Aku sedang mempersiapkan kunjungan ketiga ke UK. Untuk kunjungan pertama, tahun 1995 (wow), ada pihak2 yang berbaik hati menguruskan visaku. Dan untuk kunjungan kedua (2000), aku dapat backing dari British Council, jadi bisa dapat visa gratis dan mudah, biarpun tetap harus dicereweti petugas di balik loket kaca di konsulat UK di Jakarta. Untuk kunjungan ketiga ini, aku harus mengurusi sendiri.

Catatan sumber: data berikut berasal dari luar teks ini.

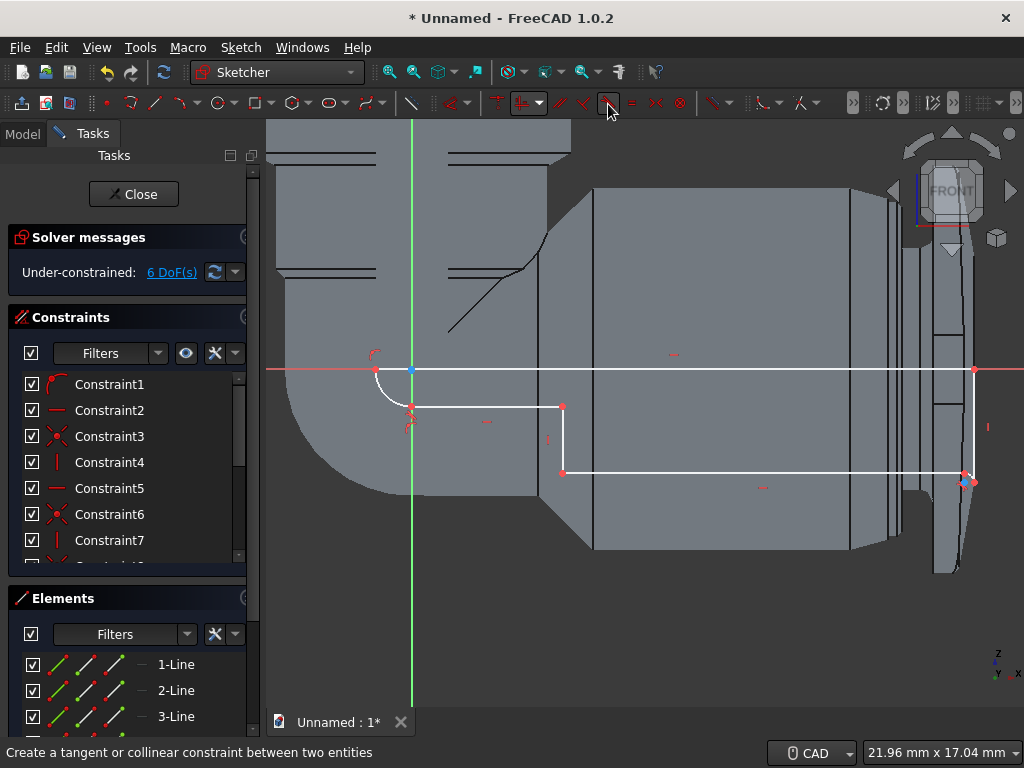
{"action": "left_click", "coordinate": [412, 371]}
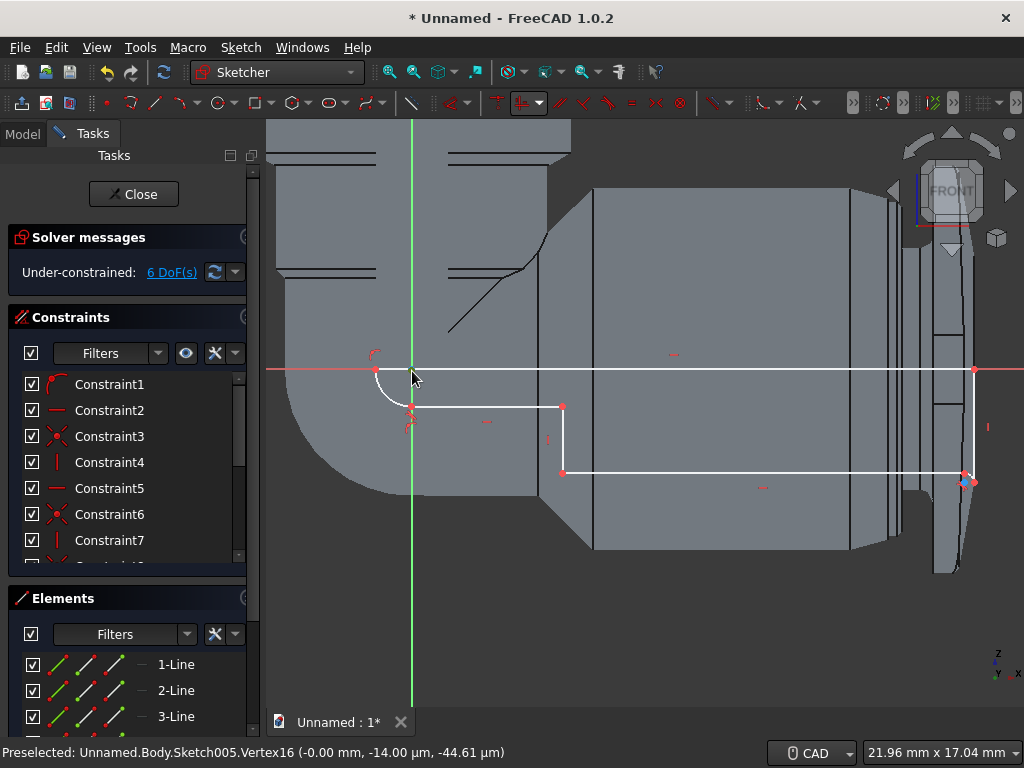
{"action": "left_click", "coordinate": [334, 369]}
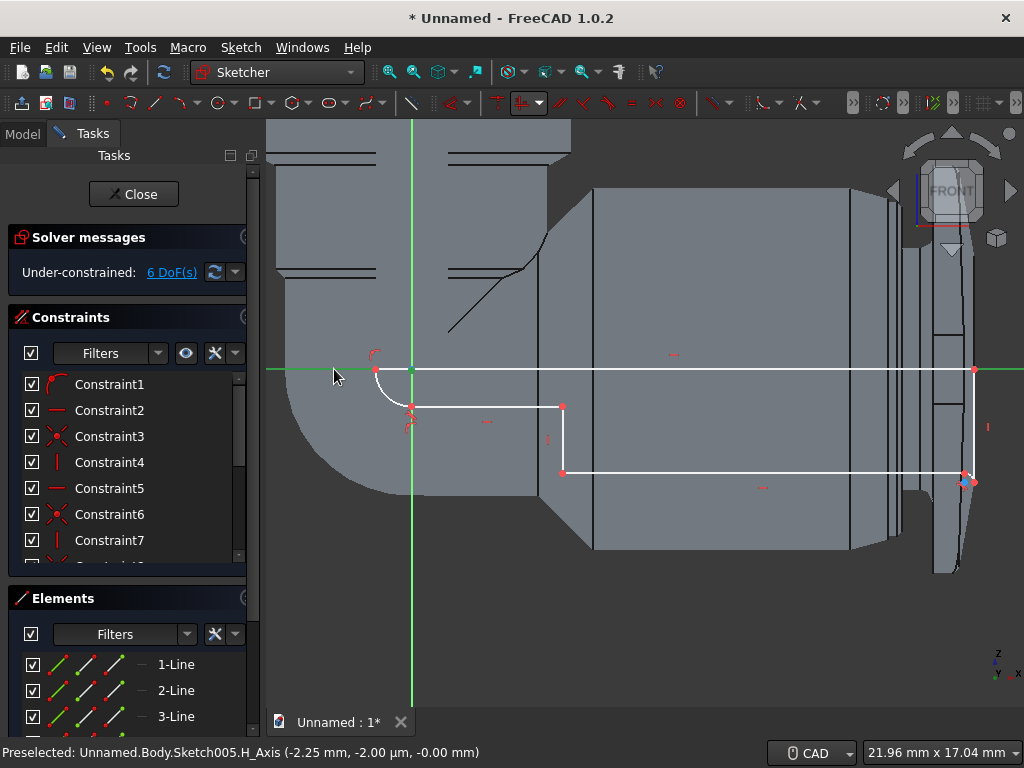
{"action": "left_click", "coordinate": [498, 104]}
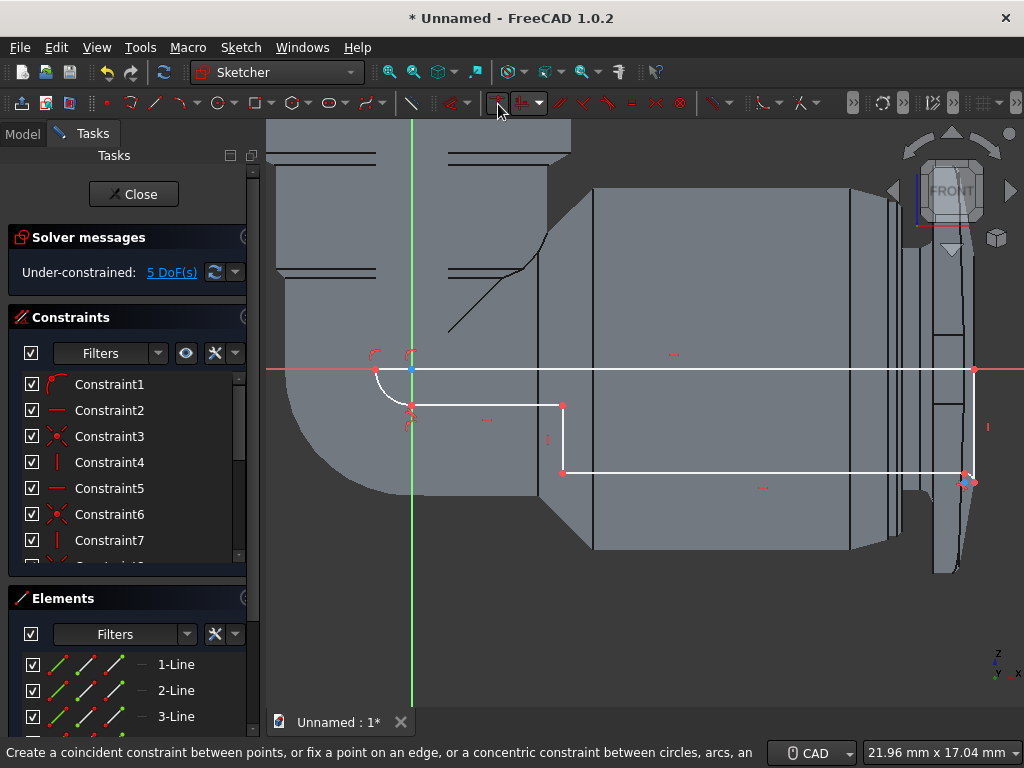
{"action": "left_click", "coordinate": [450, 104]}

Tapi aku beruntung :).

Pun tahun 2000 menunjukkan atmosfir yang berbeda dengan tahun 1995. Mudah2an bukan saja karena sejak 1997 Partai Buruh mengambil alih administrasi dari Partai Konservatif, tetapi karena UK merasa perlu menampilkan diri lebih ramah dan empatik ke dunia baru. Gerbang imigrasi yang di tahun 1995 tampak angker, di tahun 2000 berkesan amat ramah. Konsulat yang di tahun 2000 masih tampak angker, kini tak perlu lagi kita kunjungi.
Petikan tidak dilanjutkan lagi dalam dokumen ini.